The line died and her heart fisted as the crack of a bullet split the air.
It took a few seconds to register what had happened. A few more to come to grips with the reality someone had fired at them. All of which came too late because the shooter got off another round as Hudson tackled her, covering her with his considerable size as she flew to the hard concrete. Her head almost cracked against the pavement, but Hudson shielded it.
“Stay low,” Hudson said, popping up to all fours.
Madelyn rolled over onto her stomach and belly-crawled toward the truck. She barely registered the pain in her hands at clawing across the pavement filled with tiny jagged rocks. This wasn’t the time to worry about the ache shooting through her knees.
Hudson muttered the same curse she was thinking as another shot fired. The ping sound of a bullet hitting metal on the truck sent an icy chill racing up her spine. Fear gripped her as Hudson’s arm came around her, his hand on her stomach, and lifted her into the passenger seat.

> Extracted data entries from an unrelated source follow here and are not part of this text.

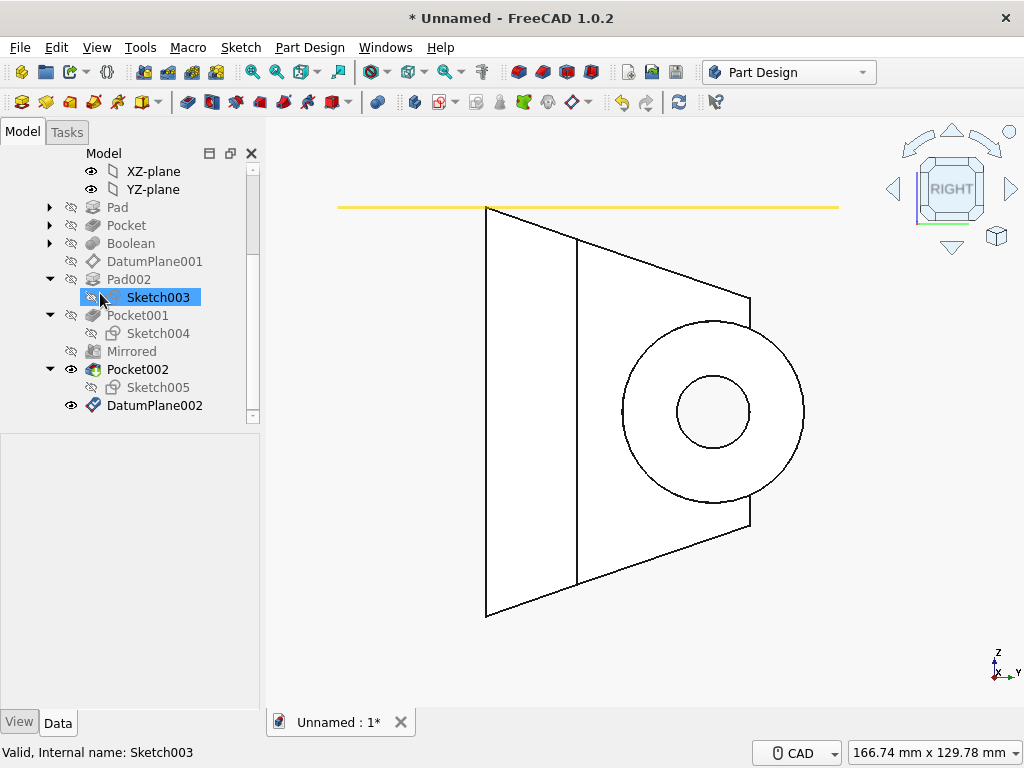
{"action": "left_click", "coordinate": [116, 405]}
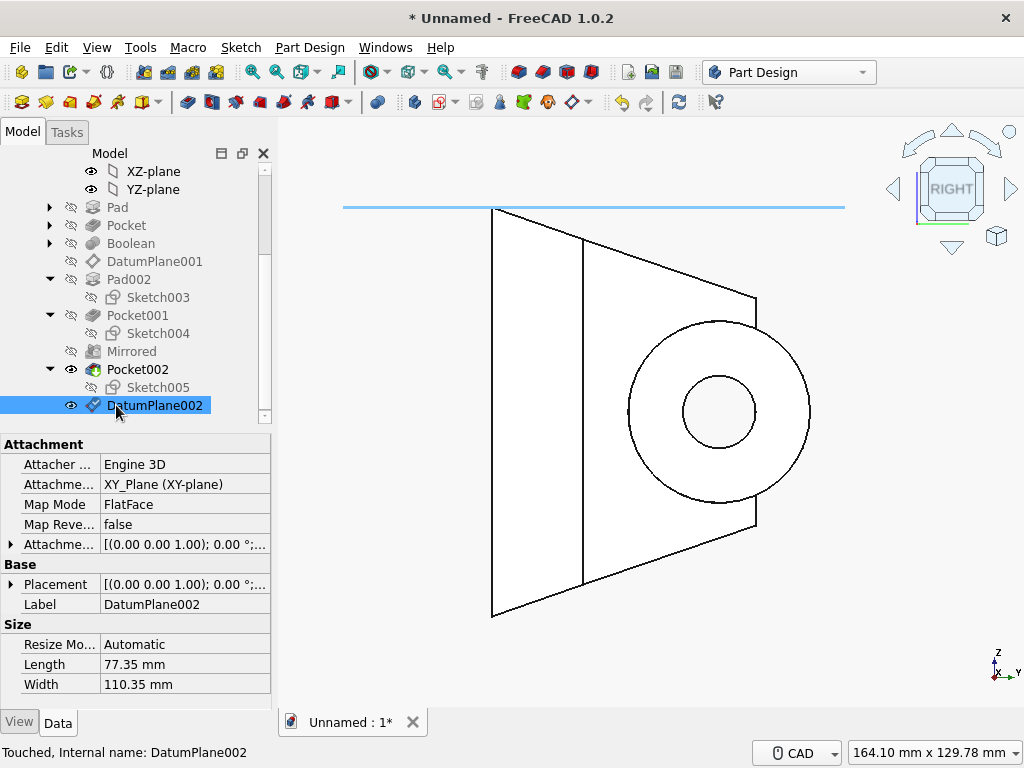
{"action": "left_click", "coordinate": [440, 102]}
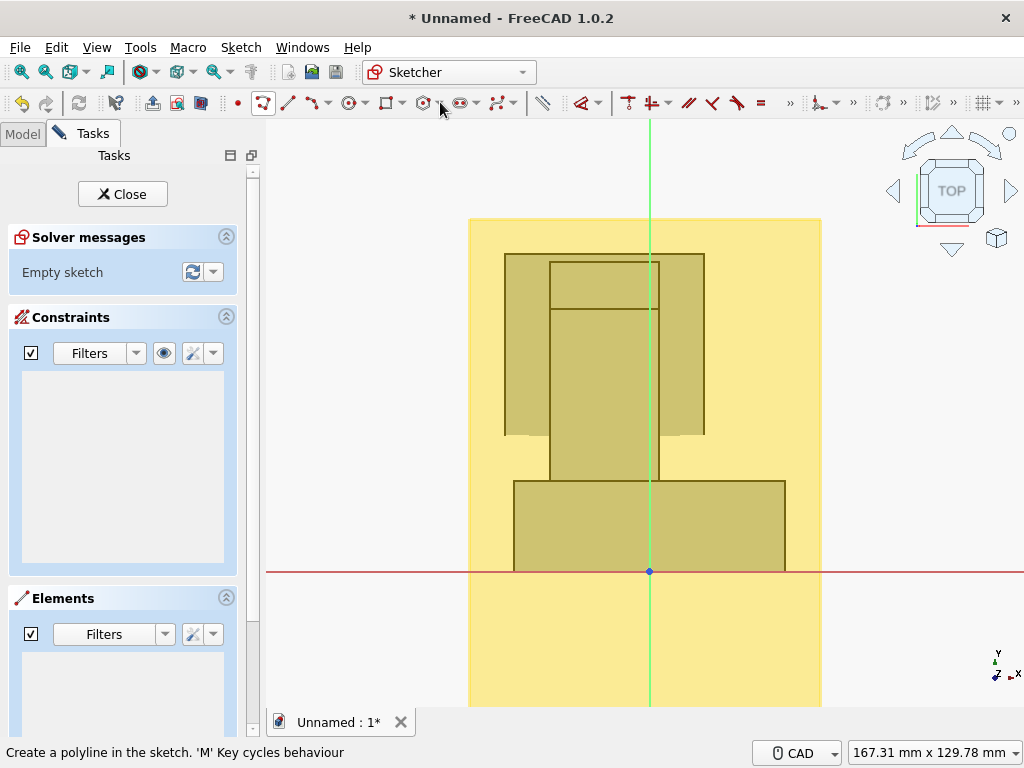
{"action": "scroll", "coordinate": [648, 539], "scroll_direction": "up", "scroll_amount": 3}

“Keep your head down, eyes below the dashboard,” he said sharply. “Get into as small of a ball as you can on the floorboard.”
Madelyn did as he climbed over her and into the driver’s side. The door closed behind him and the next second he was gunning the motor. She remembered the shotgun tucked behind the seat. She could reach it and fire off a few shots, giving them the di
stance they needed to outrun the shooter, or she could hide.
“Do you know anyone who owns a rifle?” Hudson asked.
“Yes—more than half the state, according to statistics,” she said and then made her move.
“I told you to stay down,” Hudson shouted.
“You can’t drive and shoot. I’m not helpless. I won’t cower on the floorboard when I can make a difference,” she stated. “Where’s the ammunition?”
“There in the dash,” Hudson said.
She bounced around in the seat but managed to gain purchase on the butt of the shotgun. Next, she located a shell and loaded it. “Who am I shooting at?”
“White sedan. It’s the only vehicle behind us.”
Hands shaking from a burst of adrenaline, Madelyn opened the little window between the cab and the truck bed, took aim and fired.
The sedan swerved and the driver must’ve hit the brakes because the hood dipped as the car slowed. She loaded another shell and pumped the action, hoping to blow out a tire this time. From the looks of things, she missed entirely, but the main goal was to slow down the driver so that they could slip away, and that had been accomplished. He backed off and pulled onto the shoulder.
She kept her gaze focused on the sedan until it disappeared completely from view. “He’s gone.”
“Call the sheriff,” Hudson said with more than a hint of admiration in his voice. “Tell him to come to the ranch. Talking to your father will have to wait.”
By the time he parked in his garage, she’d given her statement to the sheriff. And it was probably because she’d almost died—again!—that her heart rate was jacked through the roof, or maybe it was the compassion he’d shown earlier and the constant reminders that someone wanted to kill her, but Madelyn climbed over the seat and onto Hudson’s lap.